_Available data_.
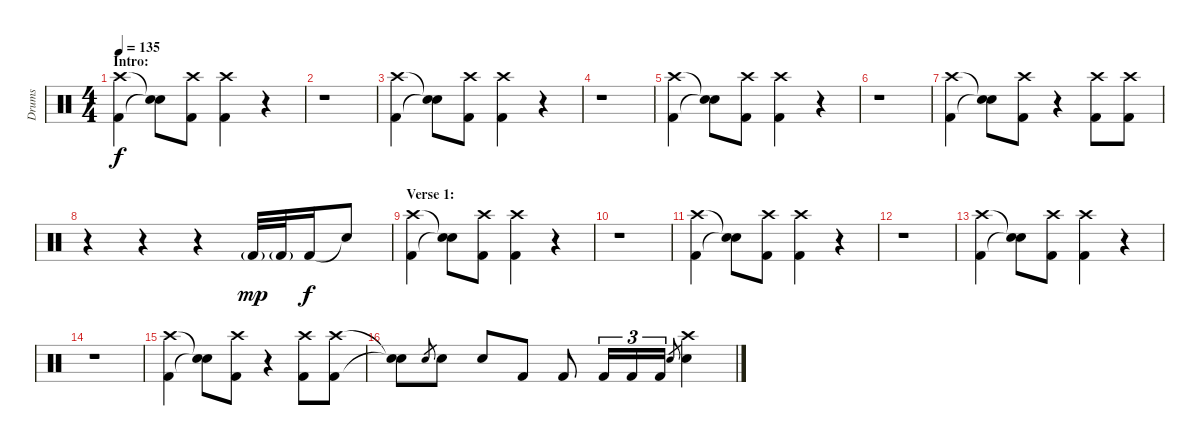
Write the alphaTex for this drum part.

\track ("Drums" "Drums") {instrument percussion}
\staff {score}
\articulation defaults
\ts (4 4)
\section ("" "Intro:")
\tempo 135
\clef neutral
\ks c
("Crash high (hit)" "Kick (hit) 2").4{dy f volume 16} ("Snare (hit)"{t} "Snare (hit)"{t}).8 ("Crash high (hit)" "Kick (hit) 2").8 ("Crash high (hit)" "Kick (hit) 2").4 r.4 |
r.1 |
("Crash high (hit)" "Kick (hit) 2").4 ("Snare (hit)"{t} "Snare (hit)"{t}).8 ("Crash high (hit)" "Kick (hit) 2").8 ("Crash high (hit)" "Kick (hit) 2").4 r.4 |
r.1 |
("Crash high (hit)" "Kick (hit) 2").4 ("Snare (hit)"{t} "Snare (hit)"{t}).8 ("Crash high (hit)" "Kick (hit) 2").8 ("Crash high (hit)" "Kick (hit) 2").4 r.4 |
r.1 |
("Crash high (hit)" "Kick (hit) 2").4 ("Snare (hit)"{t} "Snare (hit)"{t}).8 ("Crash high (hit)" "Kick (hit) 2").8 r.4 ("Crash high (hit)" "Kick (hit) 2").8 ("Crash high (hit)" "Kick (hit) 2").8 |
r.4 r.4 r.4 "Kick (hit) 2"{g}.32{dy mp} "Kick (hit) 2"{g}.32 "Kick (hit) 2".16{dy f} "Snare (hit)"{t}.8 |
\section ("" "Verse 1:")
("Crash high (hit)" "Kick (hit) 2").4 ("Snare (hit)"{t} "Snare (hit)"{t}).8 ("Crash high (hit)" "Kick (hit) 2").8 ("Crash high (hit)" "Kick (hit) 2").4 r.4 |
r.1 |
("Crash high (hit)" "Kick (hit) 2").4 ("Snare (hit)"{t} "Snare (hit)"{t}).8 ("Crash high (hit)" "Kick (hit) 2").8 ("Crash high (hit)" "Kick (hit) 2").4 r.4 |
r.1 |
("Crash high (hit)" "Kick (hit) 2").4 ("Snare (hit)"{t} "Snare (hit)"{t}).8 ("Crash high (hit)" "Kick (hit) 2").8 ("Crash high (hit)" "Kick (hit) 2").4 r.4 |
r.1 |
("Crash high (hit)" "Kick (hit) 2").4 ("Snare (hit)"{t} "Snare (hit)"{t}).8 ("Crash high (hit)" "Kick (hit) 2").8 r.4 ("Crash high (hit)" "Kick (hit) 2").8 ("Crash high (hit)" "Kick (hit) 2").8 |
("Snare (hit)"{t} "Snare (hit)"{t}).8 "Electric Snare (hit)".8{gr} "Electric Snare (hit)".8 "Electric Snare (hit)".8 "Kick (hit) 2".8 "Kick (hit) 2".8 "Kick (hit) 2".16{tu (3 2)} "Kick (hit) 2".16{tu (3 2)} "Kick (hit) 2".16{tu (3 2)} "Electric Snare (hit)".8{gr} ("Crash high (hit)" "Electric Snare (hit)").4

---

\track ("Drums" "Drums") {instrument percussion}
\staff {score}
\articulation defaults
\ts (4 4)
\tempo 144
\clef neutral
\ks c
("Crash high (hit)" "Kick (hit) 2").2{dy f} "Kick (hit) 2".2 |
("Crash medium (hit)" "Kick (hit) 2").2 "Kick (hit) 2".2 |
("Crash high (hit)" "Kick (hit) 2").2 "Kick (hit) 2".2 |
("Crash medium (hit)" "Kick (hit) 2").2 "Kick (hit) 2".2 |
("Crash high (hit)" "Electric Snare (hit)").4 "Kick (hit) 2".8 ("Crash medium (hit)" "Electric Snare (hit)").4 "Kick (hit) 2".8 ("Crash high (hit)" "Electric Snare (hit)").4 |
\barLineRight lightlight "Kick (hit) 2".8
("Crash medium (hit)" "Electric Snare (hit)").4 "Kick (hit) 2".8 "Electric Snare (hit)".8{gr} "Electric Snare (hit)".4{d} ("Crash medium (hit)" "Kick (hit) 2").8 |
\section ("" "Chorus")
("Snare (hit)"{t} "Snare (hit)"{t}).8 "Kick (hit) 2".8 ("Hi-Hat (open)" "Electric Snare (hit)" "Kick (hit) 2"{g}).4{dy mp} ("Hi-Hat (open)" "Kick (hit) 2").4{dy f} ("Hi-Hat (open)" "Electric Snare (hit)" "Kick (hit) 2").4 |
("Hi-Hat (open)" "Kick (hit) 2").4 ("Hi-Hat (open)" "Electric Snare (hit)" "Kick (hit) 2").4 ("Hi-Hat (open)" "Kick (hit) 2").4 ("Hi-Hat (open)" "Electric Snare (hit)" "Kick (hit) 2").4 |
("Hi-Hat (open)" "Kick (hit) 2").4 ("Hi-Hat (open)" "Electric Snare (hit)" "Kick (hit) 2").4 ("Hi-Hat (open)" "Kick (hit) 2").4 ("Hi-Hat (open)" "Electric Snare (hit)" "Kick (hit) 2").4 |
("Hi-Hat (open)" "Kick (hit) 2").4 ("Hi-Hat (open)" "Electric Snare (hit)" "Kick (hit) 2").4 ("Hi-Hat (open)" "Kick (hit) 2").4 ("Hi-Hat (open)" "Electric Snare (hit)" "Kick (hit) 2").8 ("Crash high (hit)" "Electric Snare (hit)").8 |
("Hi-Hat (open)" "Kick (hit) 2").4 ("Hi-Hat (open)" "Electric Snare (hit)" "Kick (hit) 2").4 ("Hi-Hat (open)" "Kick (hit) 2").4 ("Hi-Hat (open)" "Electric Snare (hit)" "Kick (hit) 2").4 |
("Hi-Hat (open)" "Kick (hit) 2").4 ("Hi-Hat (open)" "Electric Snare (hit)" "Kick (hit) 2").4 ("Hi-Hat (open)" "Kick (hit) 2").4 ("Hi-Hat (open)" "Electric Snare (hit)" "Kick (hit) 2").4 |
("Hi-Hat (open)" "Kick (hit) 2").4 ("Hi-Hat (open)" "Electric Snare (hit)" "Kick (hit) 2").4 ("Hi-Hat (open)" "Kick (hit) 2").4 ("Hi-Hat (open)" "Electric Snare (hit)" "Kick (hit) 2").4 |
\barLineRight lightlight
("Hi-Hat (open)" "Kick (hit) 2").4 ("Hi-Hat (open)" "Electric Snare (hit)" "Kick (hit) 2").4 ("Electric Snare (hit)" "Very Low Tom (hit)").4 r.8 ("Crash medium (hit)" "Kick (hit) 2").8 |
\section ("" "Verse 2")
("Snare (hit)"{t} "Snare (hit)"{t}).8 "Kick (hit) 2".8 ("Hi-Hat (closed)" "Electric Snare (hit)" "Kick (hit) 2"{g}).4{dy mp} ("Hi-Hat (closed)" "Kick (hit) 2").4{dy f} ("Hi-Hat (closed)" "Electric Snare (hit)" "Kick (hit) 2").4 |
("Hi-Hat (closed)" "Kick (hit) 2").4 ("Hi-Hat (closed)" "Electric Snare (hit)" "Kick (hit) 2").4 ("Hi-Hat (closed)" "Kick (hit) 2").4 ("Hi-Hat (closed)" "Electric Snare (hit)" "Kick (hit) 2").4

_Work request_. Sift through the entries and copy every line with "lightlight".

_Exercise result_.
\barLineRight lightlight "Kick (hit) 2".8
\barLineRight lightlight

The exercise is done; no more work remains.